Have you ever noticed a little blue fish on your farmed seafood packaging, or on the glass at your grocer’s fish counter? Those little blue fish are known as “ecolabels” and they’re meant to provide consumers with assurance that the fish they are buying has been farmed sustainably. But what do they really tell us about sustainability?
The term “sustainable” is used a lot these days, but not everyone means the same thing when they say something is “sustainable”. The UN defines sustainability as the ability to meet our current needs without compromising the needs of future generations, and sustainability is generally understood to include social, economic, and environmental dimensions. But, translating that definition into practice is a major challenge.
Aquaculture ecolabels do the monumental task of translating sustainability into a little blue fish. Many ecolabels do this through eco-certification, the process of verifying that a farm is sustainable using a set of sustainability criteria. Farms that receive eco-certification can then use the certifier’s ecolabel on their product.
The criteria eco-certifiers use to verify the sustainability of farms includes things like limits on the use of chemicals and antibiotics, and the use of practices that are intended to limit the effects of farms on the local environment. So, what does an ecolabel mean? It means that the fish in question was raised in a way that the certifier deemed sustainable. But what does the certifier mean by sustainable? That depends on the criteria underlying the certification process.

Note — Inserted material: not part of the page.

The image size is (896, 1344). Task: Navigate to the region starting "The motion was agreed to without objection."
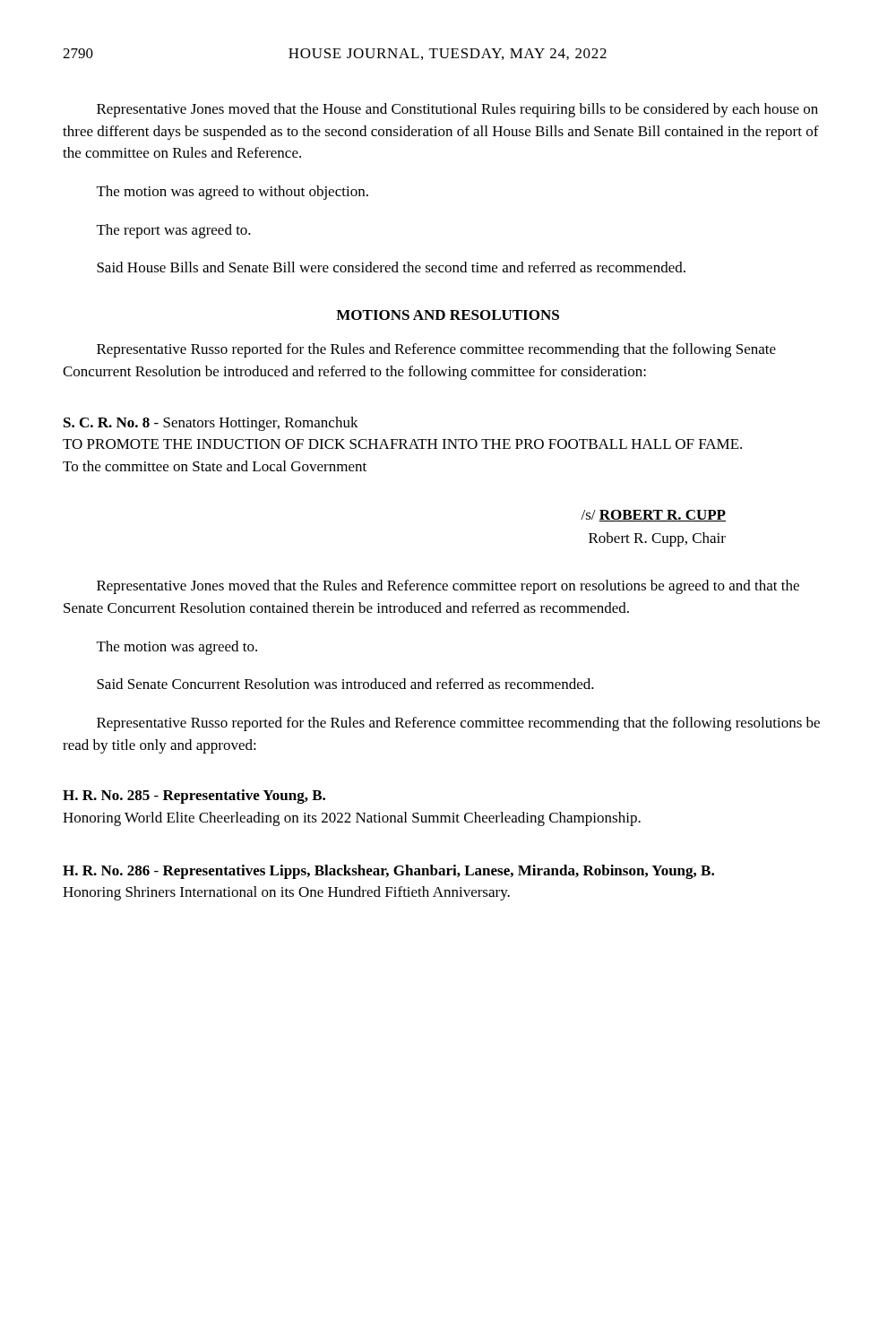[x=233, y=193]

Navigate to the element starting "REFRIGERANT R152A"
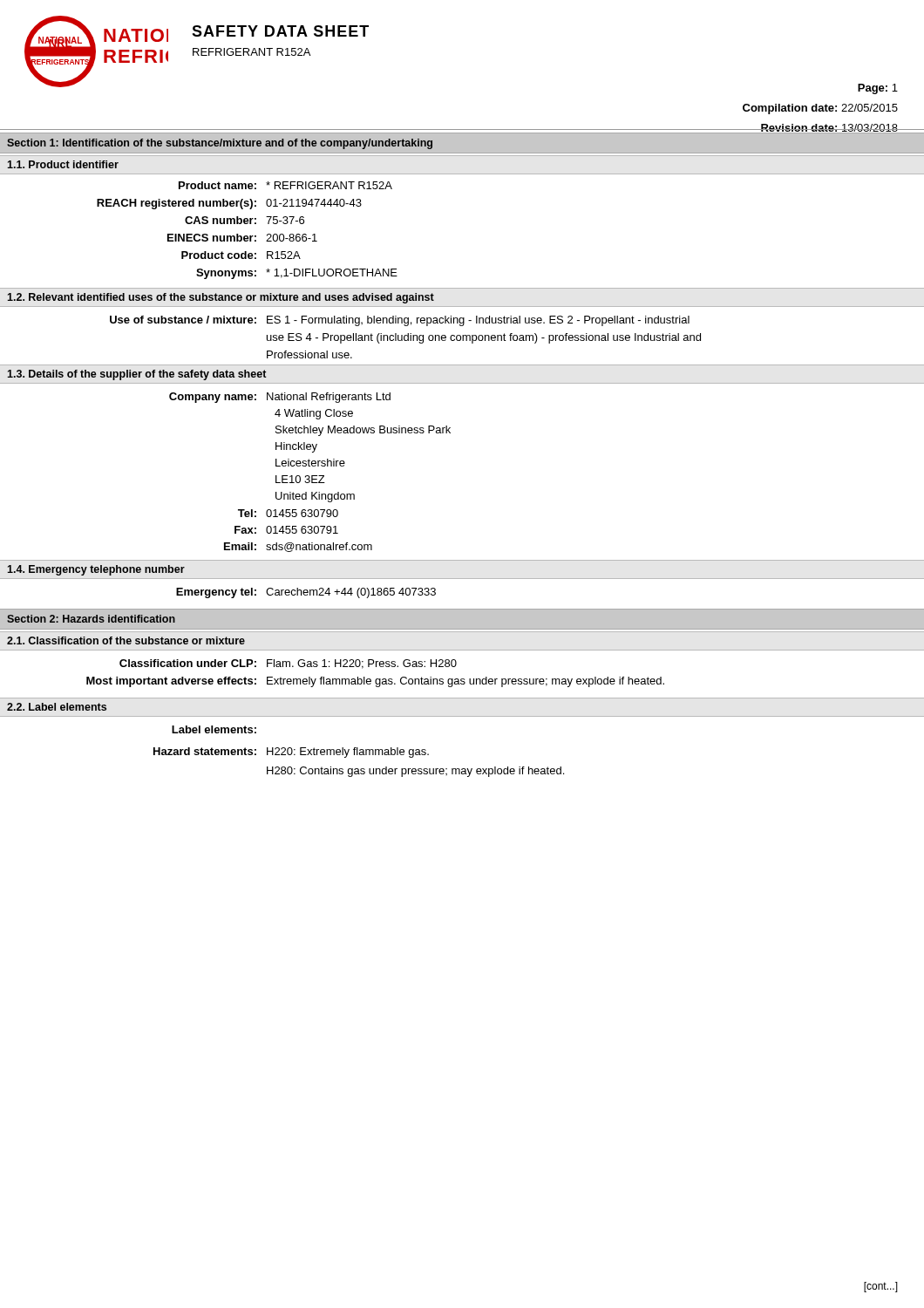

Studies show that eco-certifiers tend to include a lot of criteria related to environmental issues but few social and economic sustainability issues. Certifiers focus on limiting negative environmental impacts, but there is less emphasis on limiting potential social harms and maximizing the social and environmental benefits we receive from aquaculture. Eco-certification schemes also tend to include criteria related to the local environmental effects of aquaculture (ex. effects on local biodiversity, use of antibiotics and chemicals) but are missing criteria related to some of the far-reaching effects of aquaculture, such as a farm’s carbon footprint and contribution to global food security. Therefore, eco-certification schemes appear to define sustainable aquaculture as farming that has limited local environmental effects. Of course, criteria also differ between schemes, so the way sustainable aquaculture is defined may vary between the many ecolabels in the marketplace.
While the way eco-certification and associated ecolabels define sustainable aquaculture as farming that has limited local environmental effects can be considered incomplete, we should also consider the significant challenge of designing eco-certification criteria that live up to a more comprehensive view of sustainability; in other words, it’s really difficult to appraise “sustainability”, even once you’ve defined it. Certifiers must balance both the completeness and complexity of sustainability criteria that they use with the practical application of those criteria to farms.
These are just a few of the many challenges in developing and selecting sustainability criteria, and how these challenges are addressed will affect how sustainability is defined by ecolabels. So next time you visit the fish counter, remember that not all little blue fish signify the same thing; the definition of sustainability they represent depends on the criteria behind the label. Sustainability isn’t exactly “in the eye of the beholder” – but when it comes to ecolabels, it might be in the eye of the certifier.